Team:Tuebingen/Design
Introduction
As we planned to build a very sensitive measurement system, we looked for a set of plasmids that allow a continuous and stable expression of our proteins, and offer a choice of several yeast selectable markers. In the iGEM registry we found the pTUM100-104 vector series, which was established by Team TU Munich in 2012, and the pRS315 vector with different promoters and terminators from Team UCSF in 2008.
We decided to use the pTUM vector series to characterize our simple parts since these plasmids are RFC25 compatible, replicate to high-copy numbers in E.coli and yeast and contain built-in terminators and different promoters. Unfortunately, the pTUM plasmid series only has the URA3 selection marker. We therefore cannot use the pTUM vectors to characterize our composite parts (Caged-Cre and Stop-Cassette), which need to be cotransfected. For our complex parts we decided to use the pRS plasmid system.
The pRS vector series
These vectors encode an ampicillin resistance gene and replicate to high-copy numbers in E.Coli. Furthermore, the CEN6/ARS4 (Chromosome VI centromere/Autonomously Replicating Sequence 4) cassette ensures that the plasmid stays at a low copy number in yeast, because they are treated as pseudo chromosomes (1-2 plasmids/cell). pRS315 is part of a vector series containing four different plasmids (pRS313-316). Each contains a different auxotrophy marker HIS3, TRP1, LEU2 and URA3 respectively, (compare figure 1). Since the pRS315 and the other pRS plasmids are not compatible with the BioBrick standard, we decided to alter the pRS313, 315 and 316 to make them RFC10 compatible. [Sikorski 1989]
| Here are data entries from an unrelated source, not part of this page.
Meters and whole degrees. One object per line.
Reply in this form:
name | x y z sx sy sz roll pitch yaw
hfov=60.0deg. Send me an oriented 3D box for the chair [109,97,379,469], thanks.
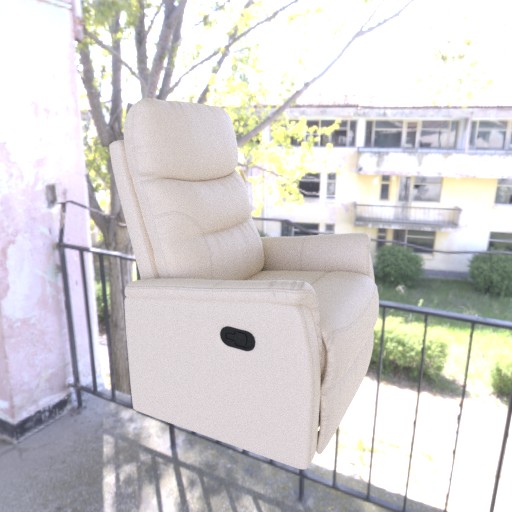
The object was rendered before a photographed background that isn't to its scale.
chair | 0.000 0.000 1.620 0.831 1.082 0.775 8 17 26

Figure 1: Wild type pRS plasmid maps. Important features are shown and the important RFC10 restriction sites are highlighted.
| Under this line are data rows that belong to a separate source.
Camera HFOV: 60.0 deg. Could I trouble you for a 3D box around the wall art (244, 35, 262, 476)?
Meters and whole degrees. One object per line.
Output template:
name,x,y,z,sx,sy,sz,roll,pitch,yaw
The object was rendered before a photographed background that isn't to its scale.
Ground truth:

Neccessary changes to the vectors
First, mutagenesis of the RFC10 restriction sites and the ApaI restriction site in the backbone of the pRS plasmids (compare figure: 2) was necessary for the execution of the following steps.
Figure 2: Mutagenized pRS plasmid maps. Important features are shown and the important restriction sites are highlighted.
After digestion of the vector using the ApaI and the SacI restriction sites and the insertion of short annealed oligos with the RFC10 restriction sites in the correct order (compare figure 3) is possible.
Figure 3: Inserted annealed primer containing RFC10 multiple cloning site with adjacent restriction sites.
After inserting the new RFC10 MCS and thereby biobricking the vector, it is possible to digest the vector with PstI and SacI in order to integrate the alcohol dehydrogenase terminator (tADH) in the pRS vectors. The restriction sites can be added to the ADH terminator by overhang PCR amplification (compare figure 4).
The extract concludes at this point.